Although one embodiment of the present invention has been described above, the present invention is not limited to this embodiment in any way, and may be applied to a reheat type air conditioner or use other variables as the state variable X(k). It goes without saying that the present invention can be implemented in various forms without departing from the gist of the present invention.

[Effects of the Invention] As detailed above, according to the automotive air conditioner of the present invention, when controlling the temperature of each part of the vehicle compartment to a desired temperature,
Due to the mutual interference of the conditioned air blown out from each outlet,
The temperature of each part can be responsively and stably controlled to the desired temperature without causing hunting in the trunk temperature, which takes time and is extremely difficult to control to the desired temperature. It becomes like this. Furthermore, since the temperature of each part of the vehicle interior can be quickly and stably controlled to a desired temperature, the operation of the air conditioning air control means can be minimized, and no wasted energy is consumed.

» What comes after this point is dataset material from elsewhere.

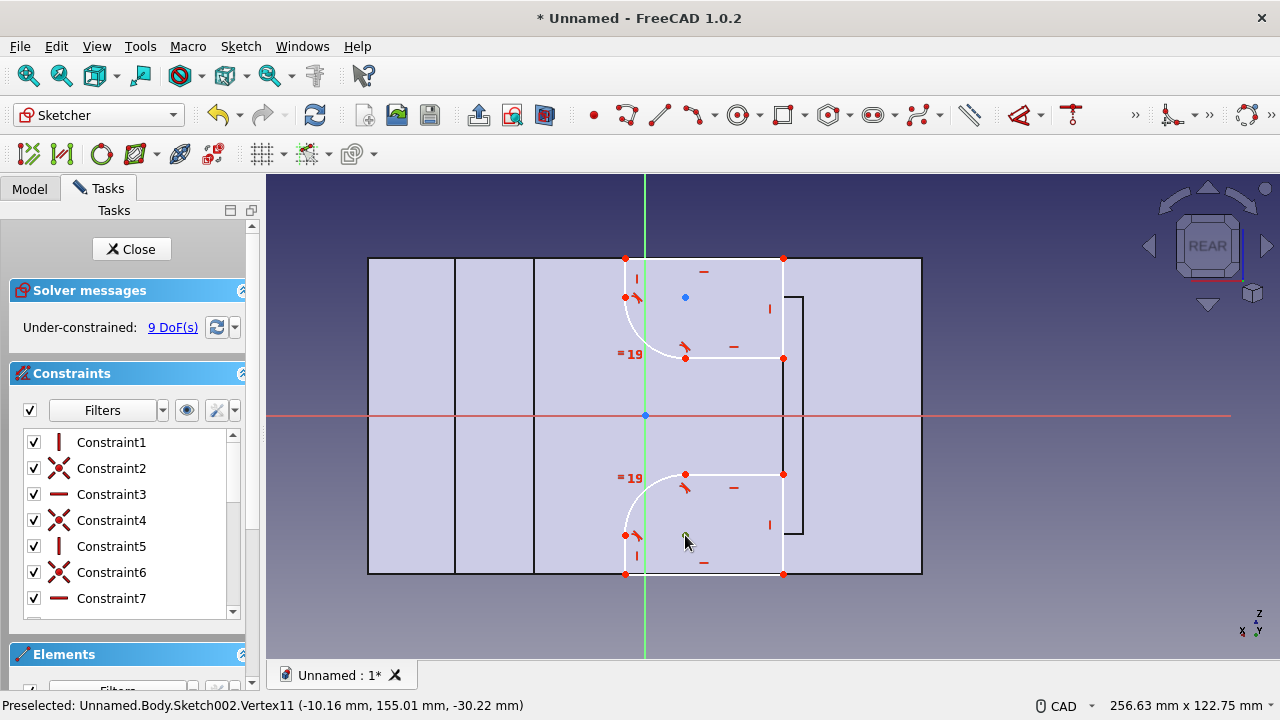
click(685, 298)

[Brief explanation of drawings]

FIG. 1 is a basic configuration diagram of the present invention, FIG. 2 is a schematic configuration diagram of an automobile air conditioner as an embodiment of the present invention, and FIG. 3 is a control system diagram of the air conditioning system in the embodiment. Figure 4 is a block diagram used to identify the system model of the example, and Figure 5 is a signal 70- for determining the transfer function.
6 is a block diagram showing the configuration of the minimum dimension observer, FIG. 7 is a flowchart showing the control as an additive integral type optimal regulator in the embodiment, and FIG. 8 is a flowchart showing the control characteristics of the embodiment. This is a graph for comparison with an example of conventional control. 3... Vehicle compartment 5.6... Air conditioning unit 7.8... Air outlet 11.12... Pro motor 13.14... Evaporator 15.16... Eva mix damper 17.18...・Heater core 19.20...Actuator 21.22...Temperature setter 23.14...Temperature sensor 30...Electronic control circuit 31...CPU 32...ROM 33...RAM

Claims (1)

[Scope of Claims] 1. A plurality of conditioned air control means for controlling various quantities of conditioned air blown out from a plurality of air outlets in the vehicle interior, including at least the temperature and air volume; a plurality of inside air temperature detection means for detecting the inside air temperature at the installation point; and a plurality of air conditioned air control means so that the detected inside air temperature at each installation point reaches a preset target temperature. In the automotive air conditioner, the air conditioning control means performs feedback control based on an optimal feedback gain predetermined according to a dynamic model of the air conditioning system. An air conditioner for an automobile, characterized in that it is configured as an additive integral type optimal regulator. 2. The air conditioning control means uses preset parameters based on a dynamic model of the air conditioning system of the automobile air conditioner to control various conditions of the conditioned air for each outlet controlled by each air conditioning air control means. a state observation unit that estimates a state variable quantity of an appropriate order representing the dynamic internal state of the system from the plurality of interior air temperatures detected by each interior air temperature detection means; an accumulator that calculates and accumulates the deviation from a preset target temperature for each detected internal air temperature; and a feedback gain that is preset based on a dynamic model of the system and the estimated state change. A feedback amount determination unit that determines each control amount of various amounts to be controlled by the air conditioning air control means from the quantity and the cumulative value; Automotive air conditioner.